Par acte d'huissier du 10 avril 2019, M. [X] [G], Mme [J] [X] épouse [G], Mmes [D] [G] et [A] [G], MM. [T] [X] et [M] [X] ont fait assigner Me [W] [Z] devant le tribunal de commerce de Quimper, sur le fondement des articles L. 1112-1 et 1130 du code civil, pour obtenir sa condamnation à leur payer la somme de 600 000 € à titre de dommages et intérêts, outre une indemnité de 10 000 € sur le fondement de l'article 700 du code de procédure civile.

Suivant jugement en date du 12 juillet 2019 le tribunal de commerce de Quimper s'est déclaré incompétent au profit du tribunal de grande instance de Quimper.

Par jugement du 03 novembre 2020, le tribunal judiciaire de Quimper a :

- déclaré irrecevable l'exception d'incompétence soulevée par M. [X] [G], Mme [J] [X] épouse [G], Mme [D] [G], Mme [A] [G], M. [T] [X] et M. [M] [X],

- déclaré irrecevable l'action introduite par M. [X] [G], Mme [J] [X] épouse [G], Mme [D] [G], Mme [A] [G], M. [T] [X] et M. [M] [X], comme étant prescrite,

- condamné in solidum M. [X] [G], Mme [J] [X] épouse [G], Mme [D] [G], Mme [A] [G], M. [T] [X] et M. [M] [X] à verser à Me [W] [Z] les sommes suivantes :

* 1 500 € à titre de dommages et intérêts pour procédure abusive,

* 3 000 € sur le fondement des dispositions de l'article 700 du code de procédure civile,

- dit n'y avoir lieu à ordonner l'exécution provisoire de la présente décision,

- rejeté toute autre demande,

- condamné in solidum M. [X] [G], Mme [J] [X] épouse [G], Mme [D] [G], Mme [A] [G], M. [T] [X] et M. [M] [X] aux dépens.

Suivant déclaration du 07 décembre 2020, M. [X] [G], Mme [J] [X] épouse [G], Mme [D] [G], Mme [A] [G]. M. [T] [X] et M. [M] [X] ont relevé appel du jugement en toutes ses dispositions.

Par conclusions du 22 février 2021, la SAS [G] et la SA Biscuiterie du Blavet sont intervenues volontairement à l'instance.

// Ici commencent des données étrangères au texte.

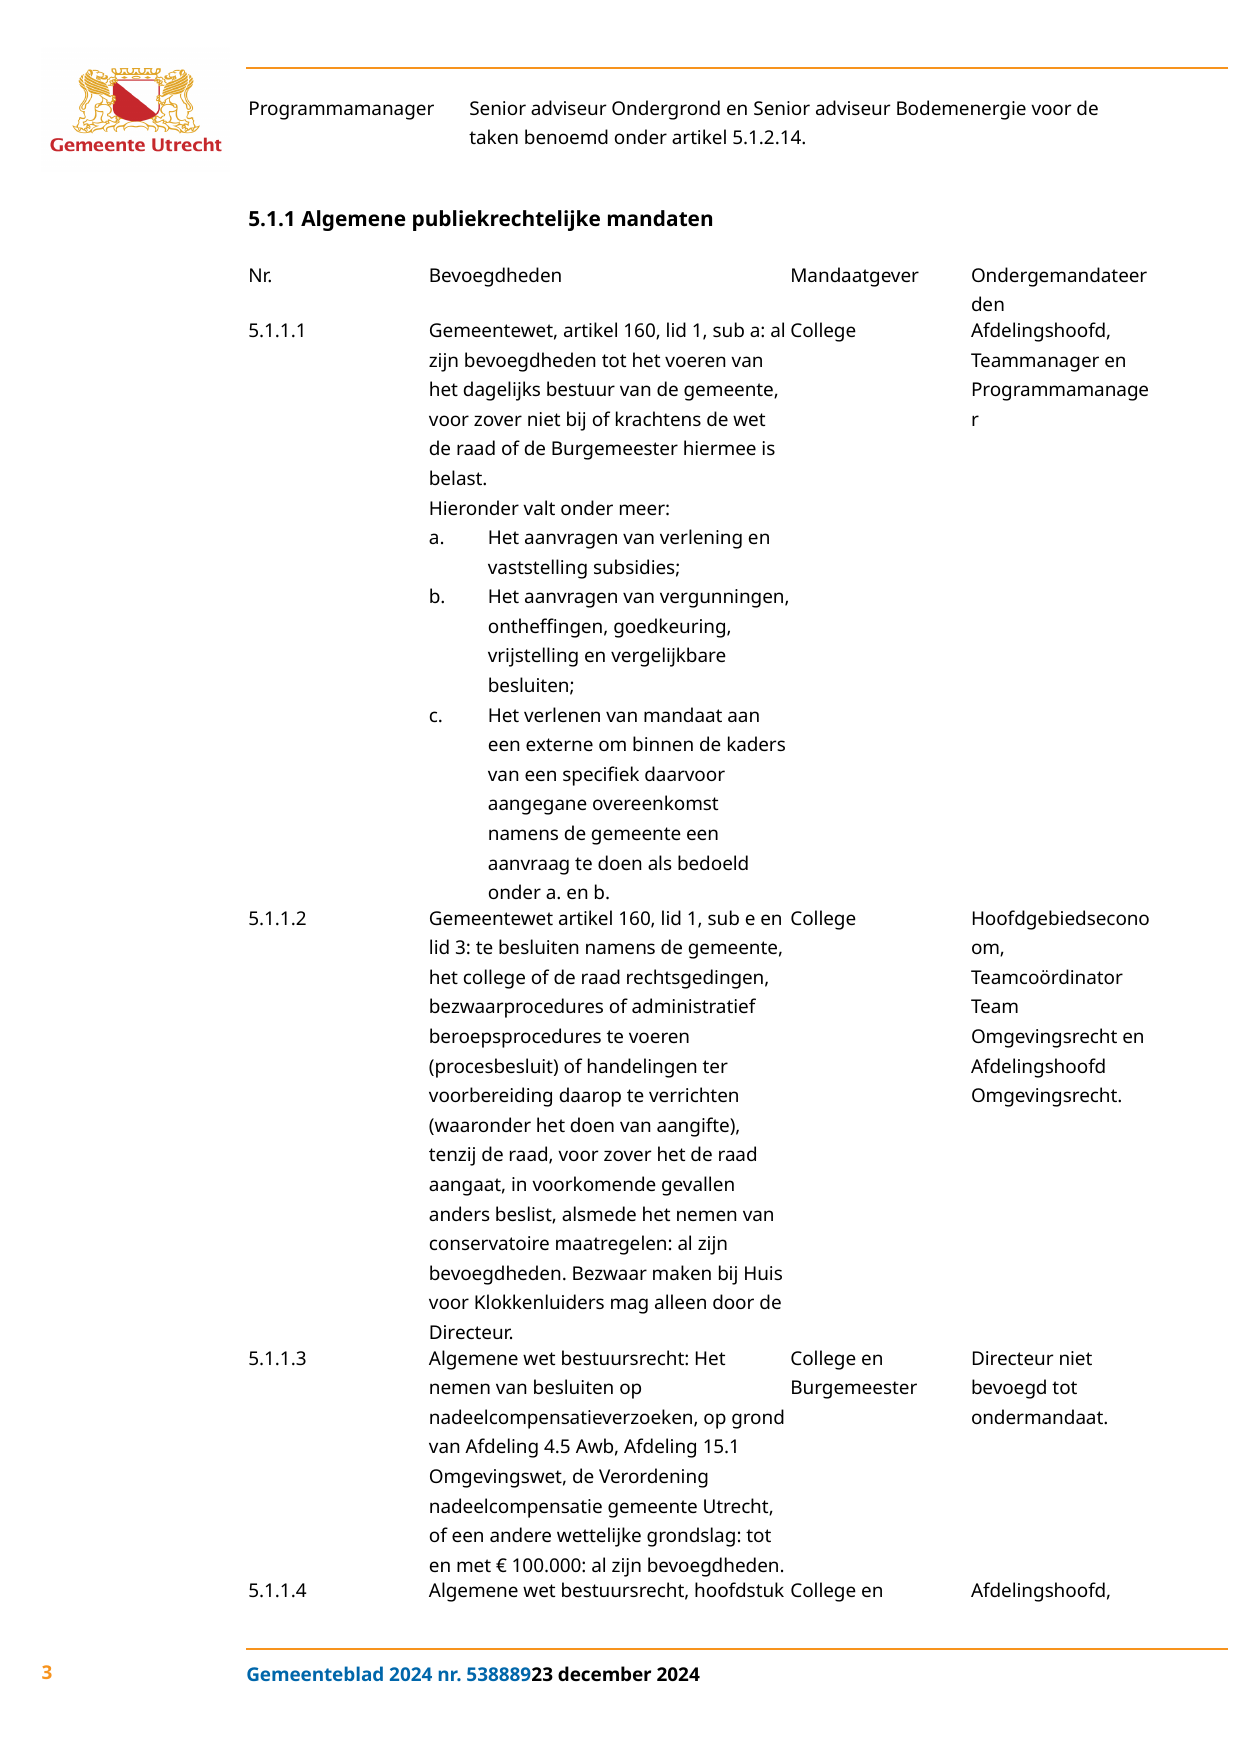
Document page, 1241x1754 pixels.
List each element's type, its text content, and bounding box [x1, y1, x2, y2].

table_cell Algemene wet bestuursrecht: Het nemen van besluiten op nadeelcompensatieverzoeken, op grond van Afdeling 4.5 Awb, Afdeling 15.1 Omgevingswet, de Verordening nadeelcompensatie gemeente Utrecht, of een andere wettelijke grondslag: tot en met € 100.000: al zijn bevoegdheden. [429, 1345, 790, 1578]
table_cell Directeur niet bevoegd tot ondermandaat. [971, 1345, 1152, 1578]
table_cell Gemeentewet artikel 160, lid 1, sub e en lid 3: te besluiten namens de gemeente, het college of de raad rechtsgedingen, bezwaarprocedures of administratief beroepsprocedures te voeren (procesbesluit) of handelingen ter voorbereiding daarop te verrichten (waaronder het doen van aangifte), tenzij de raad, voor zover het de raad aangaat, in voorkomende gevallen anders beslist, alsmede het nemen van conservatoire maatregelen: al zijn bevoegdheden. Bezwaar maken bij Huis voor Klokkenluiders mag alleen door de Directeur. [429, 905, 790, 1345]
table_header Ondergemandateerden [971, 262, 1152, 317]
table_cell College [790, 317, 971, 905]
text 5.1.1 Algemene publiekrechtelijke mandaten [248, 204, 1152, 232]
table_cell 5.1.1.1 [248, 317, 429, 905]
table_cell College en Burgemeester [790, 1345, 971, 1578]
table_cell Afdelingshoofd, Teammanager en Programmamanager [971, 317, 1152, 905]
table_cell Algemene wet bestuursrecht, hoofdstuk [429, 1578, 790, 1603]
table_cell 5.1.1.4 [248, 1578, 429, 1603]
table_cell 5.1.1.2 [248, 905, 429, 1345]
table_cell Programmamanager [248, 95, 469, 150]
table_cell Gemeentewet, artikel 160, lid 1, sub a: al zijn bevoegdheden tot het voeren van het dagelijks bestuur van de gemeente, voor zover niet bij of krachtens de wet de raad of de Burgemeester hiermee is belast. Hieronder valt onder meer: Het aanvragen van verlening en vaststelling subsidies; Het aanvragen van vergunningen, ontheffingen, goedkeuring, vrijstelling en vergelijkbare besluiten; Het verlenen van mandaat aan een externe om binnen de kaders van een specifiek daarvoor aangegane overeenkomst namens de gemeente een aanvraag te doen als bedoeld onder a. en b. [429, 317, 790, 905]
picture [41, 47, 231, 172]
table_cell College en [790, 1578, 971, 1603]
table_cell Hoofdgebiedseconoom, Teamcoördinator Team Omgevingsrecht en Afdelingshoofd Omgevingsrecht. [971, 905, 1152, 1345]
table_header Nr. [248, 262, 429, 317]
table_cell Afdelingshoofd, [971, 1578, 1152, 1603]
table_header Mandaatgever [790, 262, 971, 317]
table_cell Senior adviseur Ondergrond en Senior adviseur Bodemenergie voor de taken benoemd onder artikel 5.1.2.14. [469, 95, 1152, 150]
table_cell 5.1.1.3 [248, 1345, 429, 1578]
table_cell College [790, 905, 971, 1345]
table_header Bevoegdheden [429, 262, 790, 317]
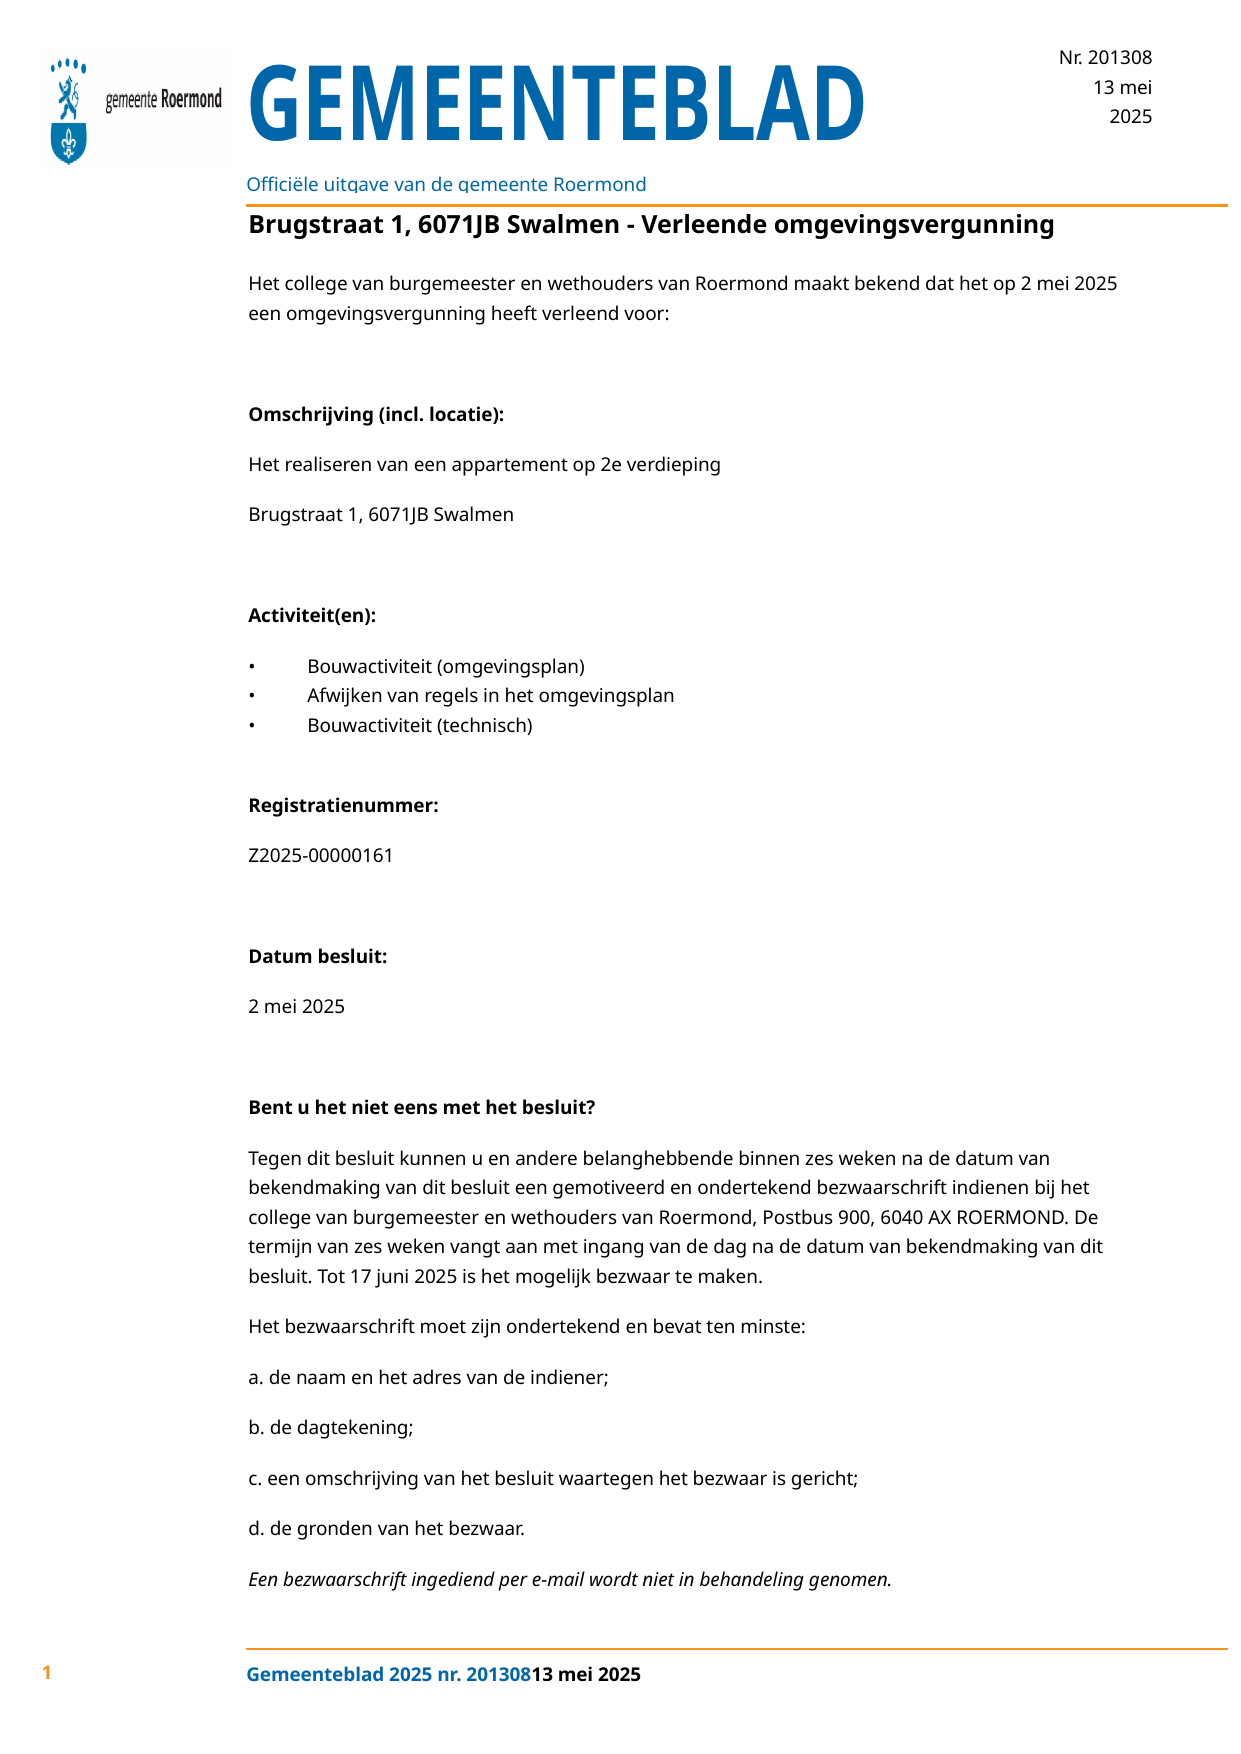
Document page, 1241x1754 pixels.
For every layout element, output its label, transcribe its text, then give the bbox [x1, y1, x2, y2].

text d. de gronden van het bezwaar. [248, 1515, 1152, 1541]
list Bouwactiviteit (technisch) [248, 712, 1152, 738]
text b. de dagtekening; [248, 1414, 1152, 1440]
text Activiteit(en): [248, 602, 1152, 628]
picture [41, 47, 231, 172]
text Het college van burgemeester en wethouders van Roermond maakt bekend dat het op 2 mei 2025 een omgevingsvergunning heeft verleend voor: [248, 270, 1152, 326]
text Bent u het niet eens met het besluit? [248, 1094, 1152, 1120]
text c. een omschrijving van het besluit waartegen het bezwaar is gericht; [248, 1465, 1152, 1491]
text Brugstraat 1, 6071JB Swalmen - Verleende omgevingsvergunning [248, 207, 1152, 241]
text Een bezwaarschrift ingediend per e-mail wordt niet in behandeling genomen. [248, 1566, 1152, 1591]
list Bouwactiviteit (omgevingsplan) [248, 653, 1152, 678]
list Afwijken van regels in het omgevingsplan [248, 682, 1152, 708]
text Datum besluit: [248, 943, 1152, 969]
text 2 mei 2025 [248, 994, 1152, 1019]
text Omschrijving (incl. locatie): [248, 401, 1152, 426]
text Het bezwaarschrift moet zijn ondertekend en bevat ten minste: [248, 1314, 1152, 1339]
text Registratienummer: [248, 792, 1152, 818]
text Brugstraat 1, 6071JB Swalmen [248, 502, 1152, 527]
text Z2025-00000161 [248, 842, 1152, 868]
text Het realiseren van een appartement op 2e verdieping [248, 451, 1152, 477]
text Tegen dit besluit kunnen u en andere belanghebbende binnen zes weken na de datum van bekendmaking van dit besluit een gemotiveerd en ondertekend bezwaarschrift indienen bij het college van burgemeester en wethouders van Roermond, Postbus 900, 6040 AX ROERMOND. De termijn van zes weken vangt aan met ingang van de dag na de datum van bekendmaking van dit besluit. Tot 17 juni 2025 is het mogelijk bezwaar te maken. [248, 1145, 1152, 1289]
text a. de naam en het adres van de indiener; [248, 1364, 1152, 1390]
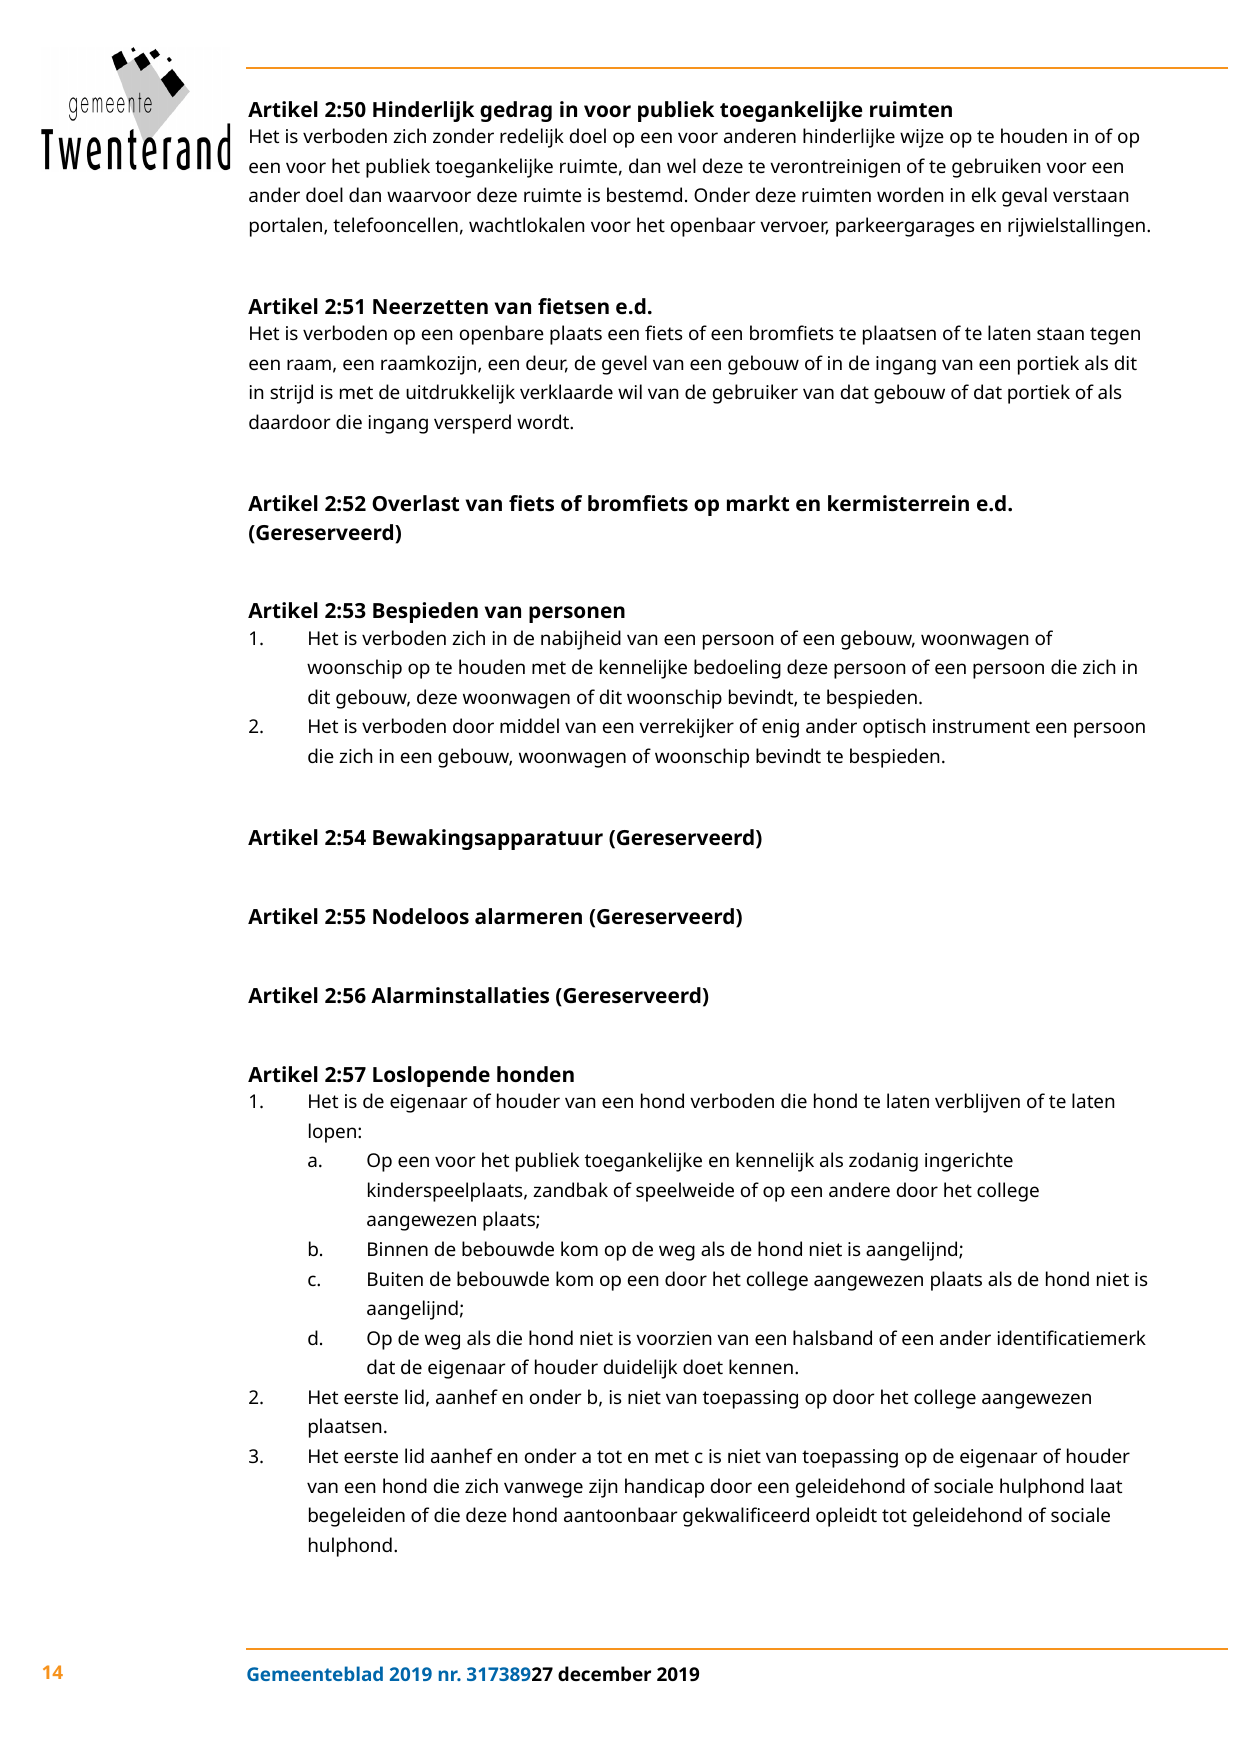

Aux termes de leurs conclusions transmises le 14 mars 2022, auxquelles il est renvoyé pour l'exposé détaillé des moyens et prétentions, M. [X] [G], Mme [J] [X] épouse [G], Mme [D] [G], Mme [A] [G], M. [T] [X] et M. [M] [X] ainsi que la SAS [G] et la SA Biscuiterie du Blavet, intervenantes volontaires, demandent à la cour de :

vu les articles 1112-1 et 1130 du code civil,

- réformer la décision entreprise,

- constater que l'action contre Me [Z] n'est pas prescrite,

- vu les fautes et manquements de Me [Z], dire que celui-ci a engagé sa responsabilité professionnelle,

- vu également l'abus de confiance dont M. et Mme [G] ont été victimes de la part de Me [Z], avec la complicité de M. [E] [F], le condamner à régler aux requérants à titre d'indemnisation la somme globale de 1.500.000,00 €, ainsi que 561 064,26 €, soit au total la somme de 2 061 064,26 € sauf à parfaire par une expertise, compte tenu de la nature particulière de cette affaire, avec une mission habituelle en la matière et désignation d'un expert au choix de la cour,

- subsidiairement, ordonner une expertise judiciaire avec mission de rechercher si Me [Z] a failli à son devoir de conseil et en chiffrer le coût ;

- condamner Me [Z] au règlement d'une somme de 15.000€ au titre des frais irrépétibles, ainsi qu'aux entiers dépens, dont distraction au profit de l'avocat qui a fait l'avance des frais.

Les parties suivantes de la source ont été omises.